BEN POV
"Dengar, aku sekarang benar-benar ragu buat ngebangun keluarga kecilku sama kamu. Rasa takutku seakan menguasaiku. mungkin, bagi beberapa orang ini hanya hal sepele. tapi, bagiku rasanya sangat menyakitkan. kamu diam. kamu bisu saat melihatku dipermalukan diperusahaanmu sendiri. Jika ditempat kekuasaanmu saja, aku merasa kamu tak sanggup melindungiku, bagaimana ditempat lainnya ben? Mungkin, nanti kamu hanya akan menulikan telingamu seakan tak ada yang terjadi, bukan?" aku menjelaskan nya dengan menatap dalam kebola matanya. aku berharap dia sadar apa yang kurasakan.
"Sayang, kamu salah paham. Aku bakal selalu jaga kamu dan ngelindungin kamu. Kan tadi aku udah jelasin, aku cuma ngerasa bingung dan panik ngeliat kamu semarah itu" jelas ben.
***
Ben menggenggam tanganku erat. kerutan didahinya menunjukkan seberapa takutnya ia kehilanganku. hilang? emang sejak kapan aku jadi miliknya? . aku mendengus kesal. aku bingung sekarang harus apa. hingga---
"Aku kasih kamu satu kali kesempatan" ucapku pelan.
"Beneran? sayangg makasihhh aku bener-bener minta maaf" teriak ben bahagia yang akhirnya langsung memeluk tubuhku.

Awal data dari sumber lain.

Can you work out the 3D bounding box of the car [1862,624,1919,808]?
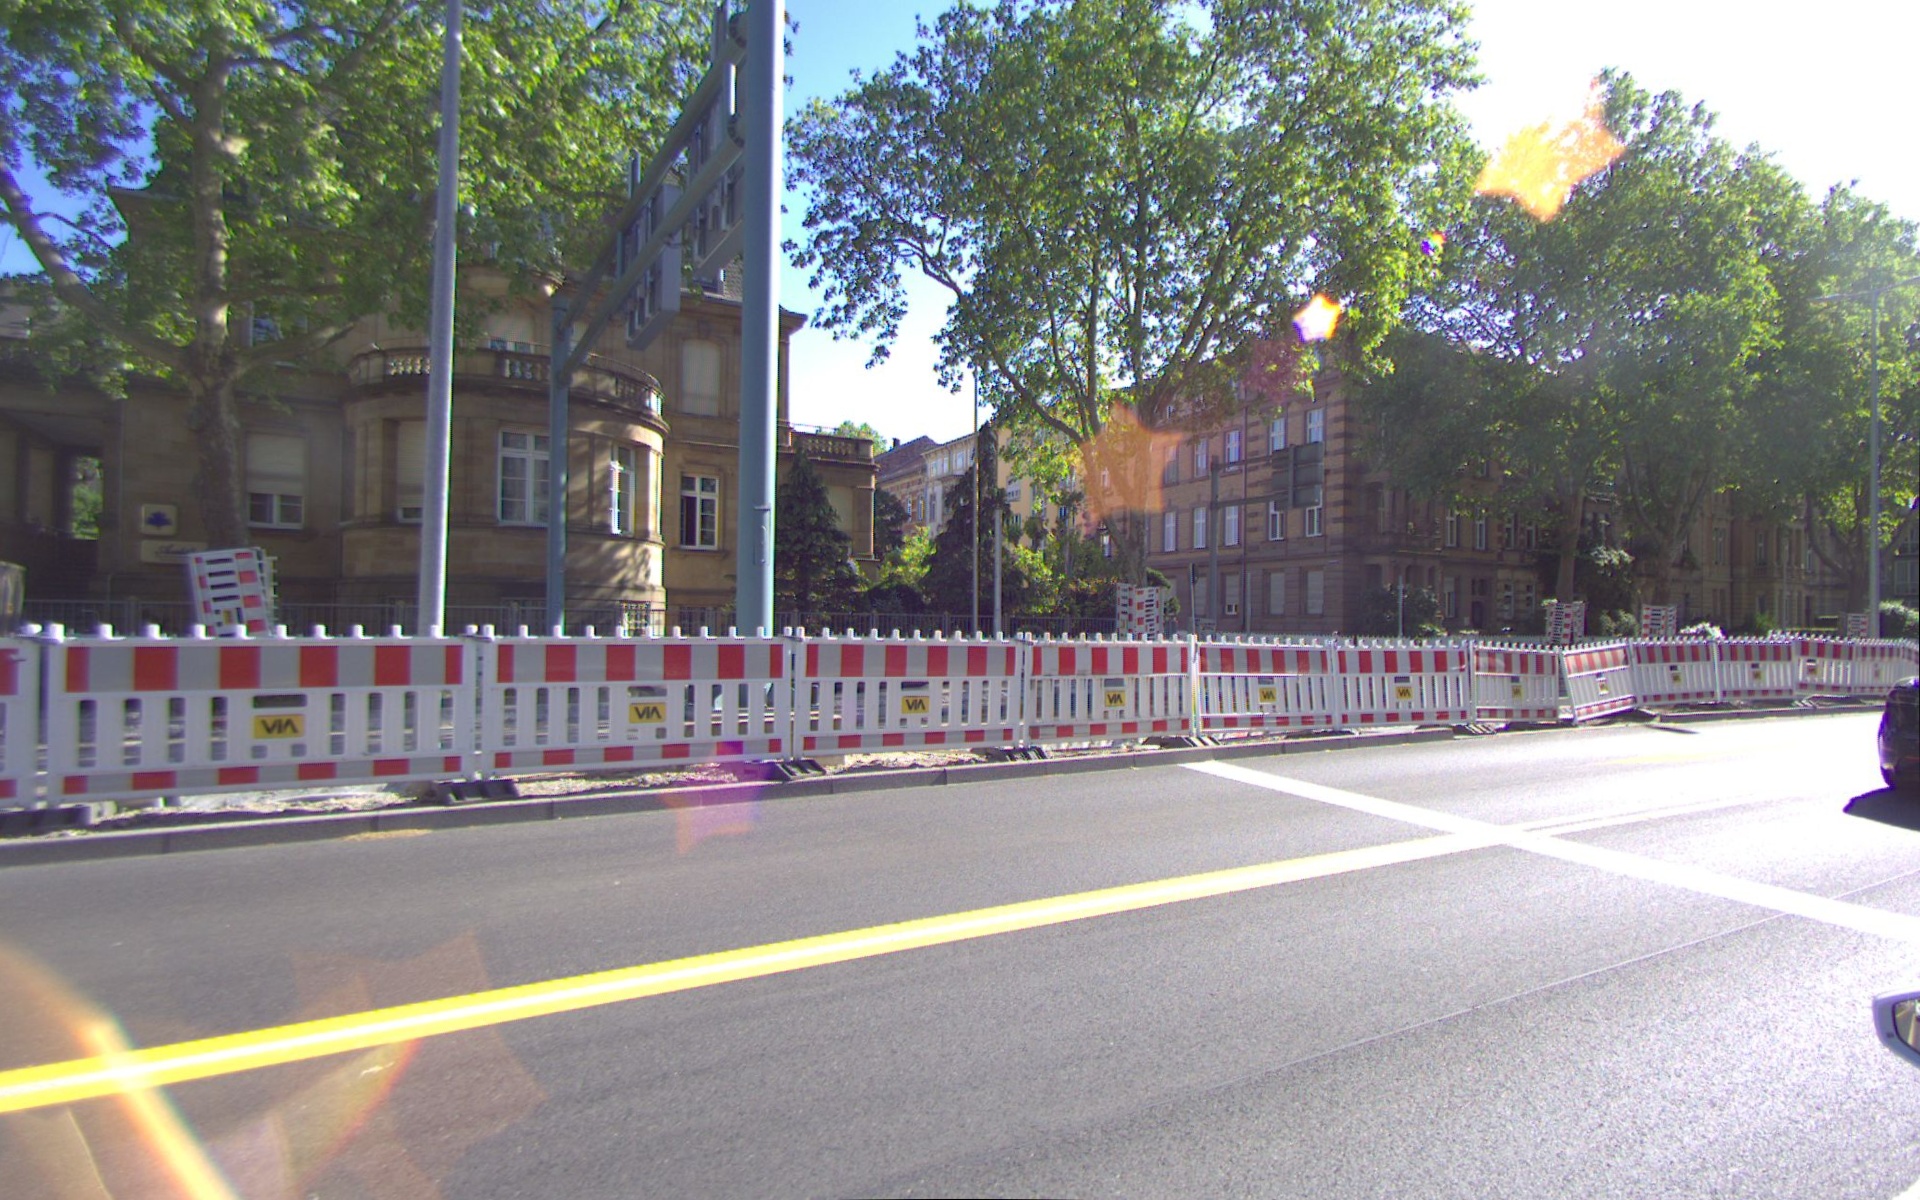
[{"bbox_3d":[10.070,1.011,8.923,4.424,1.503,1.829,2,-1,-31],"label":"car"}]

"Ck. aku belum selesai ngomong" decakku kesal sembari mendorongnya pelan.
"oke-oke , Terus apa?" ben melepaskan pelukannya dan mulai menatapku dalam.
"aku mau kita buat kesepakatan" ucapku pelan namun menandakan ketegasan didalamnya.
"Kesepakatan apa?" tanya ben penasaran. dia mengernyitkan dahinya.
"Aku kasih kamu waktu satu minggu" ucapanku berjeda.
"Dalam waktu satu minggu itu, kamu harus bisa bikin aku percaya lagi sama kamu. kalo sampe dalam waktu satu minggi kamu ga bisa bikin aku percaya, berarti pernikahan kita memang harus dibatalkan" lanjutku yang langsung membuat Rahangnya mengeras seketika saat mendengar ucapan terakhirku.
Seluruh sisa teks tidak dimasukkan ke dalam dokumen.